Quem nunca resmungou ou ao menos pensou em se culpar por mal feitos alheios, por medo, preguiça, ou por conveniência?
– Eu não deveria ter falado isso ou aquilo. Criei tensão e deu no que deu;
– Eu deveria ter esperado um pouco mais, mesmo depois de tanto tempo;
– Eu poderia tentar esquecer aquele gesto impensado. Talvez não tenha sido proposital… nem doeu tanto assim;
– Eu gostaria de mais atenção, mas talvez eu não seja uma boa companhia…

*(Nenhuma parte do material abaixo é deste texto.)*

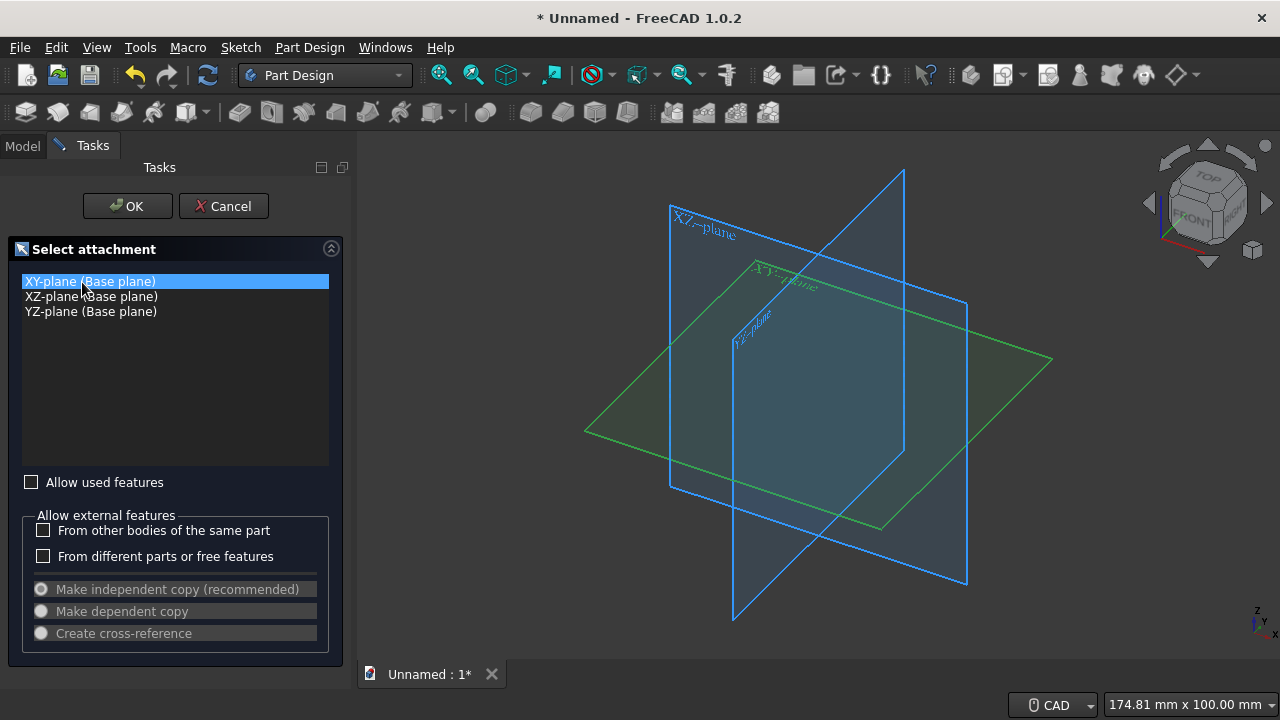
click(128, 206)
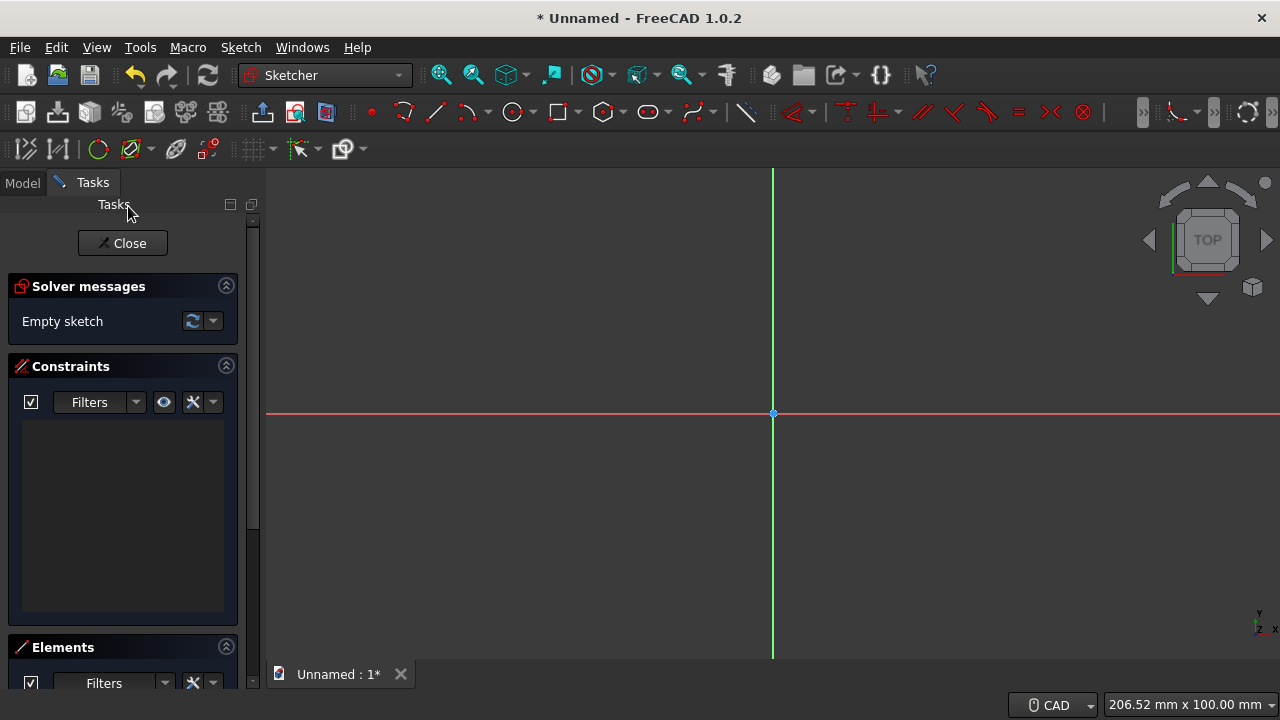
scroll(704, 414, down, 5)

E sim, afinal consegui me sentir culpada por tudo. Uma palavra torta, um baita de um bolo, um esquecimento, uma passada de perna, uma violência… e as coisas só se complicam, mas certamente eu poderia ter evitado, ou aliviado, ou relevado, ou tudo isso e ainda pedindo desculpas. Em mim cabe toda a culpa do mundo e eu me declaro culpada talvez para não ter que enxergar a maldade alheia, para não admitir as minhas escolhas equivocadas, para tentar desajeitadamente consertar o que?
Isso não é bondade, não é altruísmo, não é civilidade. Está bem perto de ser outra forma de manipulação. O culpado declarado desarma o verdadeiro culpado, gera piedade, mostra uma sinceridade inocente, uma delicada fragilidade. Sempre a postos para pegar para si as culpas e as responsabilidades. E sempre livrando outras caras.
– Sim, eu poderia ter feito algo para evitar isso, mas não fiz. Além de culpada, sou omissa. É tudo culpa minha.
Mas sabe o que? Dei para discordar desse modelo de vida, onde, em qualquer nível, um assume a arrumação para o outro cantarolar. Ando mesmo decidida a me declarar inocente!
Inocente por permitir a arrogância alheia no meu território;
Inocente por crer que algumas coisas podem ser resolvidas amigavelmente; Inocente por deixar o tempo passar demais;
Inocente por me sentir culpada pelo que não fiz.
Eu me declaro inocente, agora com muita malícia, a mesma que recusei antes, para não voltar atrás. Não carrego mais culpas, nem desculpas.
E tudo isso, em legítima, incontestável e incondicional defesa. Quem irá me culpar?